Populistische Erzählungen
Sahra Wagenknecht selbst versucht die ostdeutsche Situation noch auf eine andere Weise zu bespielen. Auf dem Landesparteitag in Potsdam sagt sie, viele fühlten sich aktuell an die "Endzeit der DDR" erinnert. Die Menschen hier hätten "bereits erlebt, wie sich eine Wendezeit ankündigt und eine Industrie zusammenzubrechen droht". Auch deshalb ruhten so viele Hoffnungen auf ihrer Partei.
Es sind Töne, wie sie bislang von der AfD zu hören waren. Mit der teilt sich das BSW den Hang zum Populismus. Vorländer nennt als Beispiel dafür die Ukraine-Politik. Hier stelle Wagenknecht die Unterstützung der Ukraine generell infrage und spiele sie gegen Sozialausgaben aus. Populistisch sei auch die Forderung nach Corona-Untersuchungsausschüssen, da dieser bereits mit der Suggestion verbunden sei, "dass die fraglichen Maßnahmen hart an der Grenze der Legalität waren".
Für Wurthmann wiederum setzt das BSW zwar auf populistische Erzählungen, sei dabei aber nicht antidemokratisch.
Keine "Blackbox" mehr
Die politischen Mitbewerber erlauben sich weniger klare Urteile im Umgang mit dem BSW. Der thüringische CDU-Landeschef Mario Voigt etwa sprach wiederholt von einer "Blackbox". AfD-Bundeschefin Alice Weidel sagte, das BSW habe "kein bestehendes Programm". Auch aus anderen Parteien lautet der Tenor: Noch könne man kaum etwas über die Partei sagen.

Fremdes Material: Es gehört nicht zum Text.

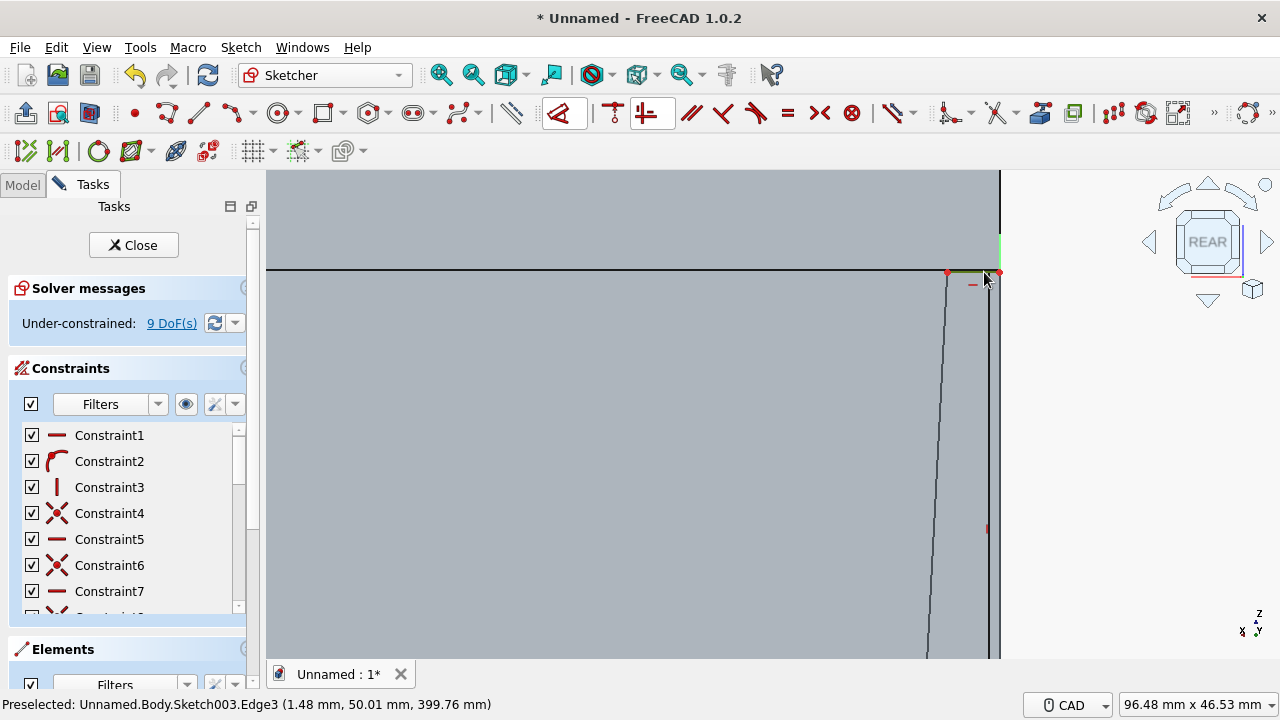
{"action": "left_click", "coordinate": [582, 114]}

Dabei sind nicht nur die Positionen von Wagenknecht bekannt. Der Brandenburger Landeschef Robert Crumbach sagt: "Jeder im Land weiß etwas mit dem Namen Sahra Wagenknecht anzufangen"- und jeder wisse, wofür sie stehe. Auch die Wahlprogramme für Sachsen und Thüringen sind seit Wochen öffentlich.
Politikwissenschaftler Vorländer sieht eine taktische Zurückhaltung bei anderen Parteien, weil sie das BSW als möglichen Kooperationspartner sehen. "Sie würden aber die eigene Position schwächen, wenn sie das jetzt offen aussprechen", so Vorländer.
Hinzu komme, dass dem BSW mit der AfD eine "bedrohlichere Alternative" zur Seite stehe. Dabei gebe es durchaus Ansatzpunkte für Kritik. "Sahra Wagenknecht hat bisher nicht gezeigt, dass sie des Regierens fähig ist", sagt Vorländer. Ihre Vergangenheit in der SED und PDS sei eindeutig marxistisch gewesen.
Constantin Wurthmann wiederum warnt vor überzogener Kritik. Das BSW wurde erst vor einem halben Jahr gegründet und sei momentan vor allem "eine maximale Projektionsfläche von Leuten, die unzufrieden mit dem Funktionieren unserer Demokratie sind". Alles, was über eine inhaltliche Kritik hinausschieße, sei da eher ein Geschenk für das BSW.